Poster
in
Workshop: Workshop on Reinforcement Learning Theory
Multi-Task Offline Reinforcement Learning with Conservative Data Sharing
Tianhe (Kevin) Yu · Aviral Kumar · Yevgen Chebotar · Karol Hausman · Sergey Levine · Chelsea Finn
Offline reinforcement learning (RL) algorithms have shown promising results in domains where abundant pre-collected data is available. However, prior methods focus on solving individual problems from scratch with an offline dataset without considering how an offline RL agent can acquire multiple skills. We argue that a natural use case of offline RL is in settings where we can pool large amounts of data collected in a number of different scenarios for solving various tasks, and utilize all this data to learn strategies for all the tasks more effectively rather than training each one in isolation.
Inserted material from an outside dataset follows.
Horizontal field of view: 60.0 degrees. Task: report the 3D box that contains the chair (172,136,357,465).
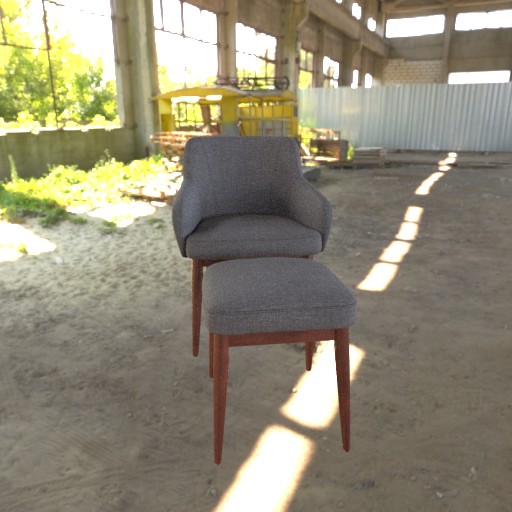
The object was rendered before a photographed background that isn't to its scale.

To this end, we study the offline multi-task RL problem, with the goal of devising data-sharing strategies for effectively learning behaviors across all of the tasks. While it is possible to share all data across all tasks, we find that this simple strategy can actually exacerbate the distributional shift between the learned policy and the dataset, which in turn can lead to very poor performance. To address this challenge, we develop a simple technique for data-sharing in multi-task offline RL that routes data based on the improvement over the task-specific data. We call this approach conservative data sharing (CDS), and it can be applied with any single-task offline RL method. On a range of challenging multi-task locomotion, navigation, and image-based robotic manipulation problems, CDS achieves the best or comparable performance compared to prior offline multi-task RL methods and previously proposed online multi-task data sharing approaches.